The stage is shockingly bare; empty compared to the ornate surrounding hall. There is only general lighting, no special effects, and no scenery. The dancer walks to the edge of the stage and stands before the audience with her rehearsal clothes on and a practice tutu under her arm. No make up, with her hair loosely tied up. She has a body microphone attached to her side so that she can address the patrons and sound technicians directly. She speaks her name, her strengths and her weaknesses, her desires, and her limitations. She lets you know that she never progressed beyond sujet. At 42, she is performing for the last time on the Paris National Opera’s stage. She will retire in 8 days.
Bel had already built a reputation for pushing audiences’ expectations of what a dance performance could be. For example, his first performance, nom donné par l’auteur (1994), was a choreography of objects with the two performers seated the entire time. Placed opposite one another and armed with a vacuum cleaner and a hair dryer, they made stuff dance from the resulting suction and air currents of these household appliances. The invitation to create the work on the Paris National Opera Ballet, a prestigious appointment, came 10 years into Bel’s career as a choreographer.

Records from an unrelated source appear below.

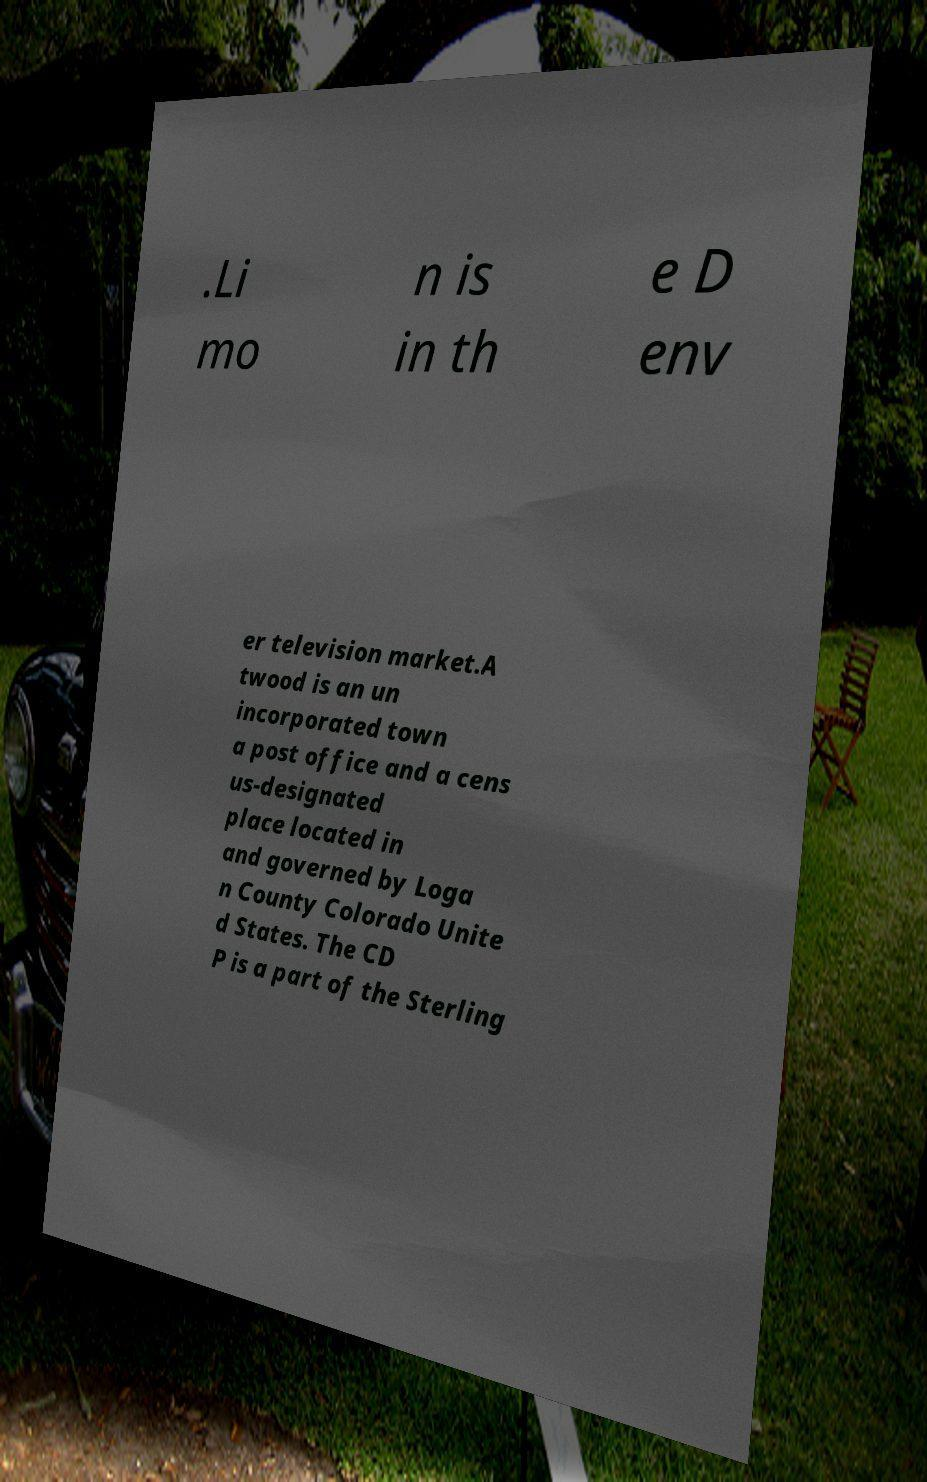Could you assist in decoding the text presented in this image and type it out clearly? .Li mo n is in th e D env er television market.A twood is an un incorporated town a post office and a cens us-designated place located in and governed by Loga n County Colorado Unite d States. The CD P is a part of the Sterling 
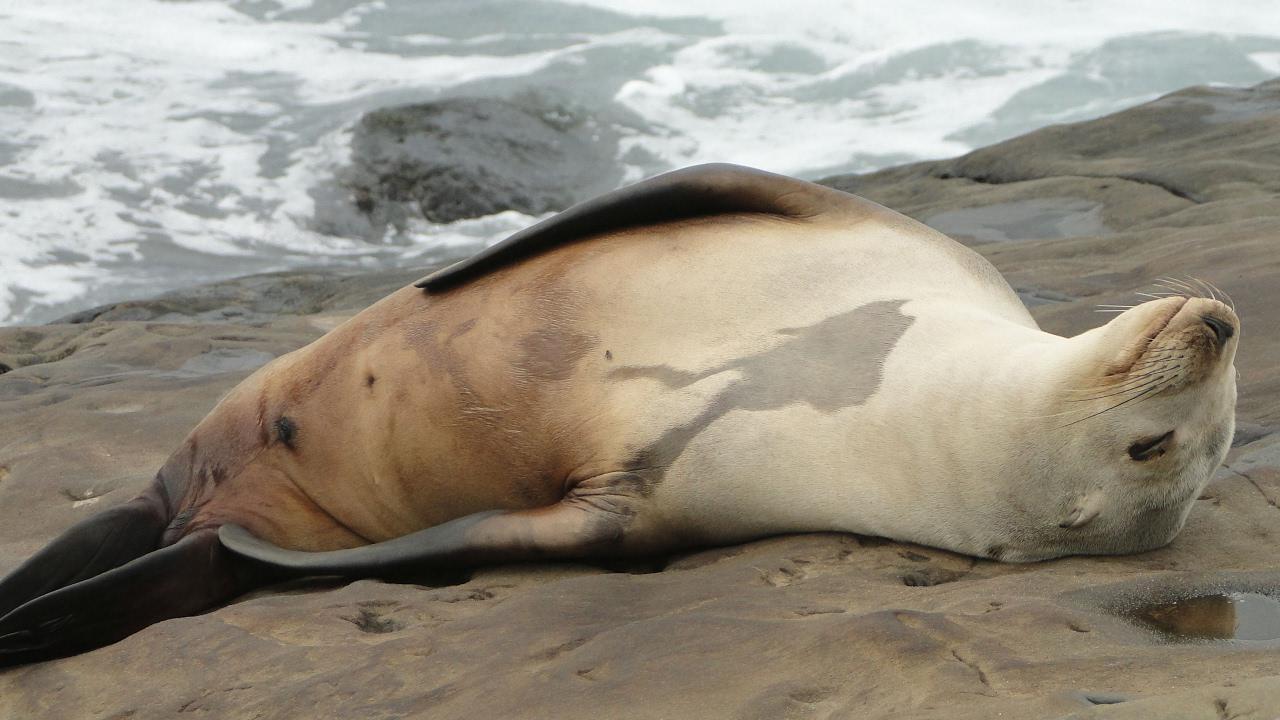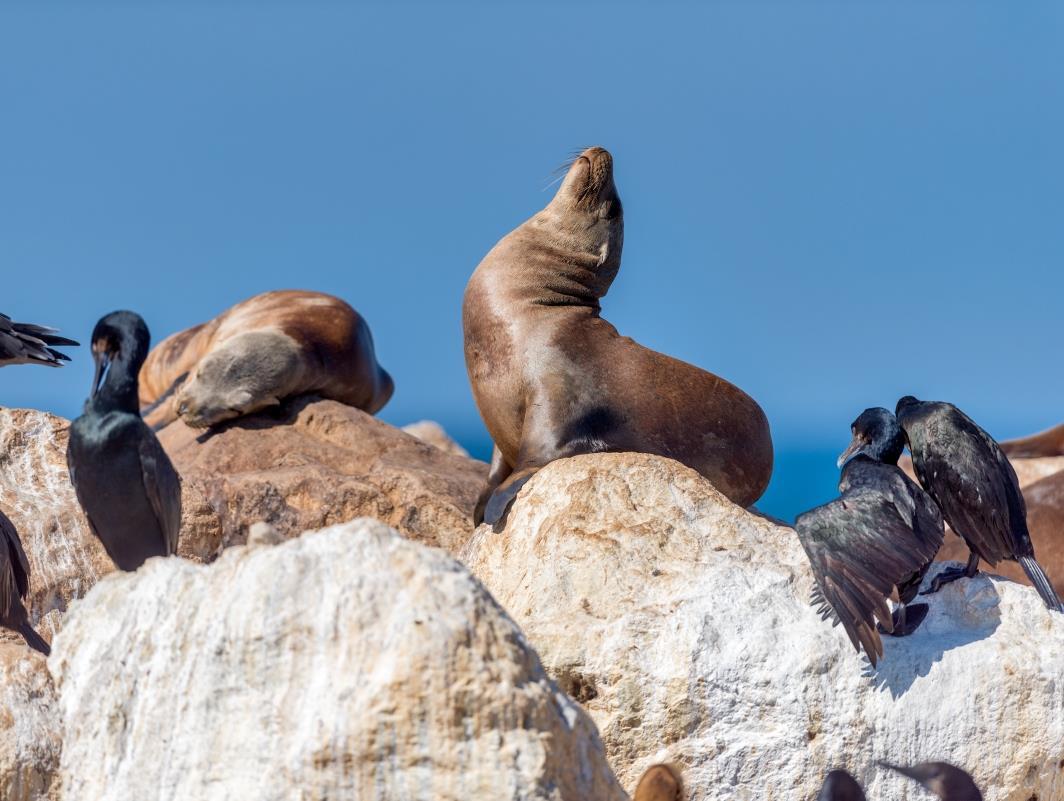The first image is the image on the left, the second image is the image on the right. Considering the images on both sides, is "A tawny-colored seal is sleeping in at least one of the images." valid? Answer yes or no. Yes. The first image is the image on the left, the second image is the image on the right. Assess this claim about the two images: "There are no more than two seals.". Correct or not? Answer yes or no. No. 
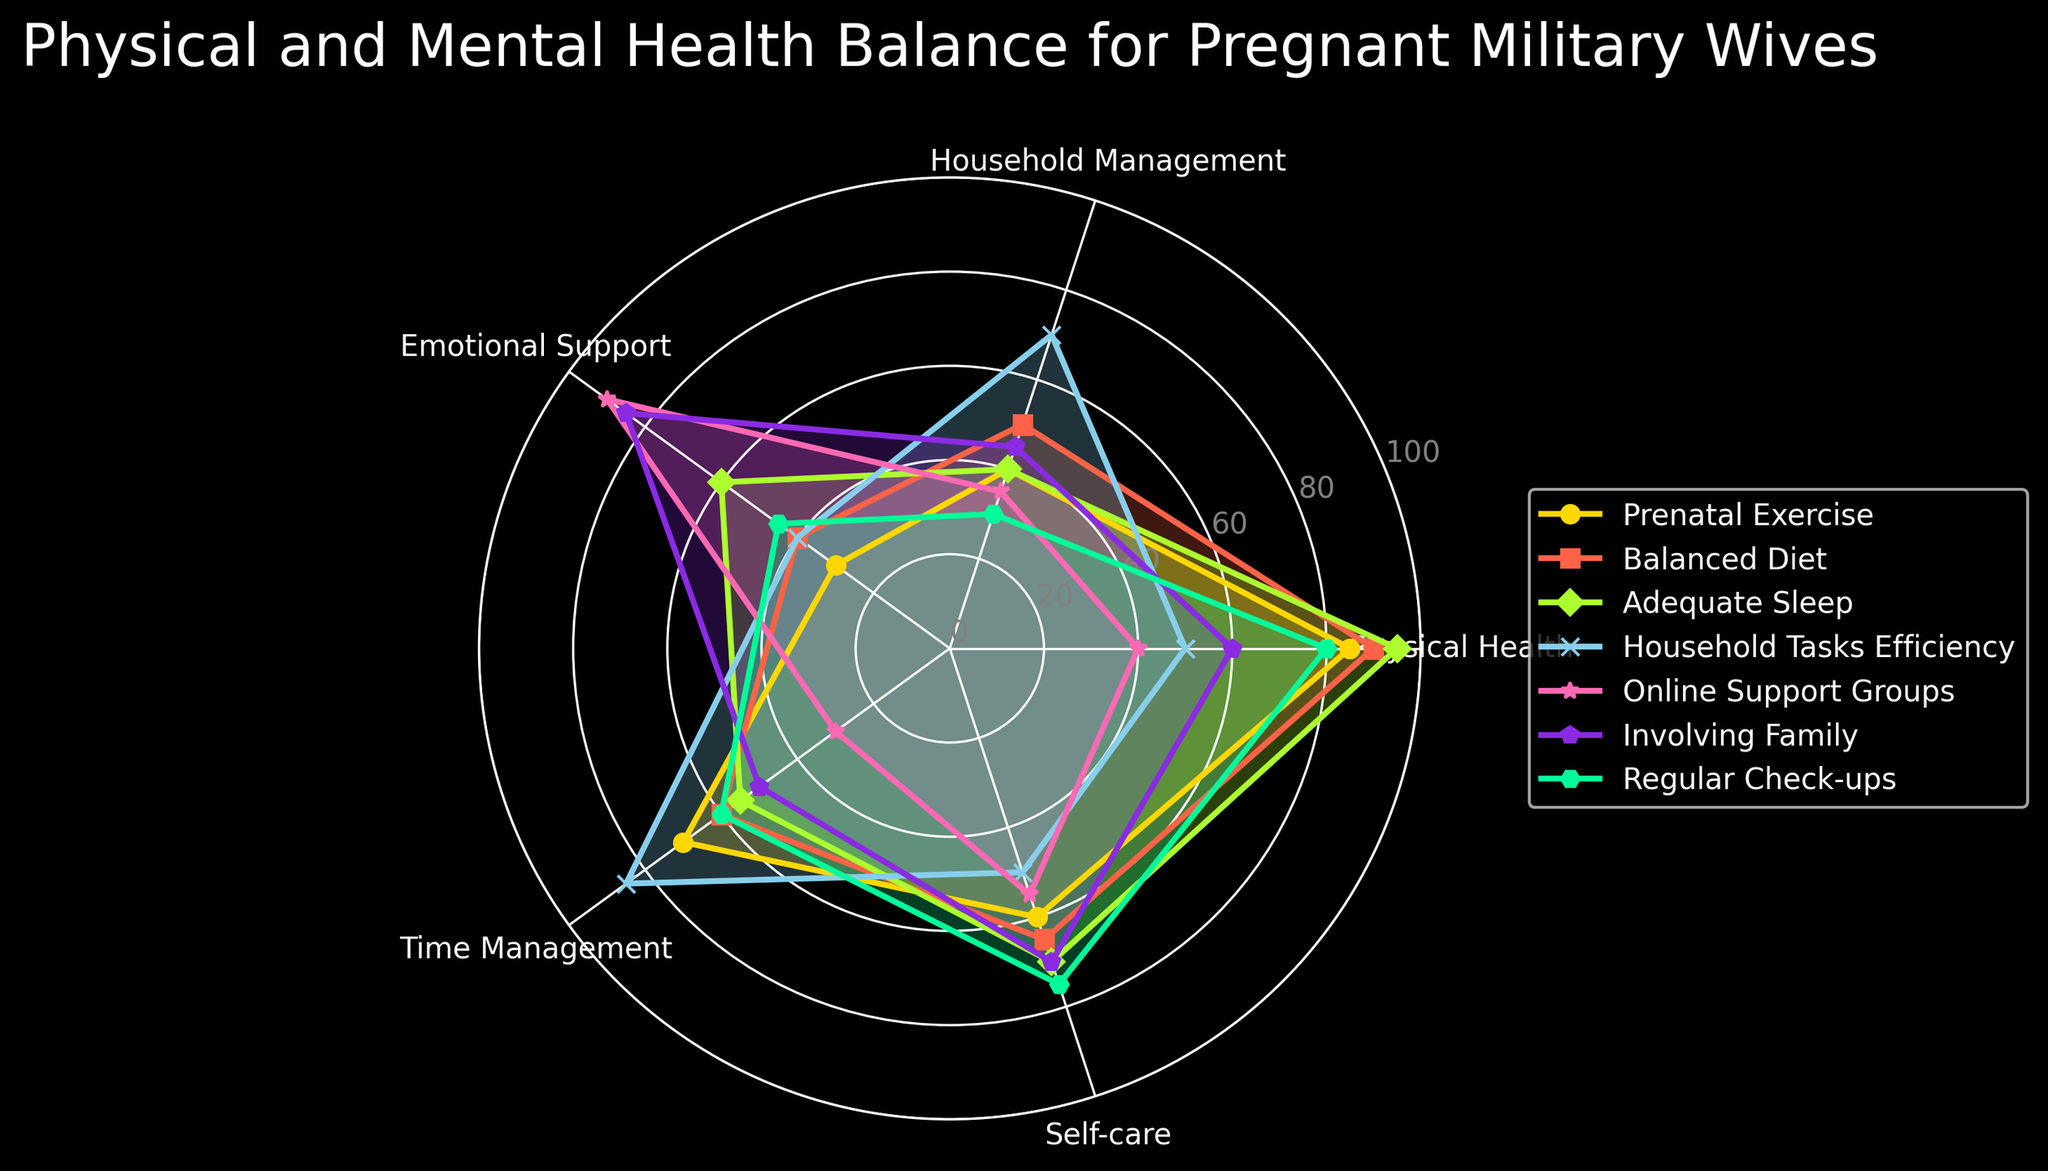What is the highest value in the 'Self-care' category, and which activity does it correspond to? We look at the 'Self-care' values for all activities and find the highest, which is 75, corresponding to 'Regular Check-ups'.
Answer: 75, Regular Check-ups Which category does 'Involving Family' score the highest in? We compare the scores for 'Involving Family' across all categories and find the highest score is 85 in 'Emotional Support'.
Answer: Emotional Support Between 'Prenatal Exercise' and 'Balanced Diet', which has a higher score for 'Time Management', and by how much? 'Prenatal Exercise' has a score of 70 in 'Time Management' while 'Balanced Diet' has a score of 60. The difference is 70 - 60 = 10.
Answer: Prenatal Exercise, 10 For the category 'Physical Health', which activity has the minimum score, and what is that score? 'Online Support Groups' has the lowest 'Physical Health' score with a value of 40.
Answer: Online Support Groups, 40 How does 'Household Tasks Efficiency' compare to 'Adequate Sleep' in 'Household Management'? 'Household Tasks Efficiency' scores 70 in 'Household Management', whereas 'Adequate Sleep' scores 40. Therefore, 'Household Tasks Efficiency' scores 30 more.
Answer: Household Tasks Efficiency, 30 more What is the average score for 'Balanced Diet' across all categories? The scores for 'Balanced Diet' are 90, 50, 40, 60, and 65. The average is (90 + 50 + 40 + 60 + 65) / 5 = 61.
Answer: 61 Which activity shows the greatest variation in scores across all categories? We compute the range (maximum score - minimum score) for each activity. 'Prenatal Exercise' shows the greatest variation with scores ranging from 30 to 85, giving a range of 85 - 30 = 55.
Answer: Prenatal Exercise In the 'Time Management' category, what is the difference between the highest and lowest scores, and which activities do these scores correspond to? The highest score in 'Time Management' is 85 for 'Household Tasks Efficiency', and the lowest is 30 for 'Online Support Groups'. The difference is 85 - 30 = 55.
Answer: 55, Household Tasks Efficiency and Online Support Groups Which activity scores the lowest in the 'Physical Health' category and the highest in the 'Emotional Support' category? 'Online Support Groups' scores the lowest in 'Physical Health' with 40 and the highest in 'Emotional Support' with 90.
Answer: Online Support Groups

As the enfant terrible of French contemporary dance, the stakes were high for Bel. Opening night was sold out. Bel gave Doisneau the stage to live out her dream. The material of the work is personal to Doisneau, however Bel’s hand in the creation is recognizable and bold. In Véronique Doisneau, this dancer’s experience is brought to the foreground. Bel draws out her “thoughts, ideas, problems, sufferance (Bel),” revealing the inside world of the dancer. Nothing is left to chance or to fate. Bel reverses destiny. Doisneau’s dancing is timeless, effortless, and perfectly engrained in her body. Her story, told chronologically, is moving and fully captivates the audience, even as she pauses to catch her breath. Her naked honesty is rewarded with their respect. The performance is a tragedy and an act of redemption.
This solo portrait was well received by the audience and profoundly influenced the trajectory of Bel’s career. What had been an attempt to solve the problem of creating an original, contemporary choreographic work for a renowned classical ballet company became the first in a series of five theatrical, documentary-style, lecture/demonstration performances to date with dancers from around the world, directed by Bel.
Bel, Jérôme. Interview with Justin Jones. “Jérôme Bel on Cédric Andrieux.” TALK DANCE. Walker Channel. 11 October 2011. Web. 10 August 2012.
‘Subject’ in French ballet is a position in the ranking of the company that determines the ability of a dancer and is between a soloist and corps de ballet, under principal, the top position in American ballet, or principal and étoile in France.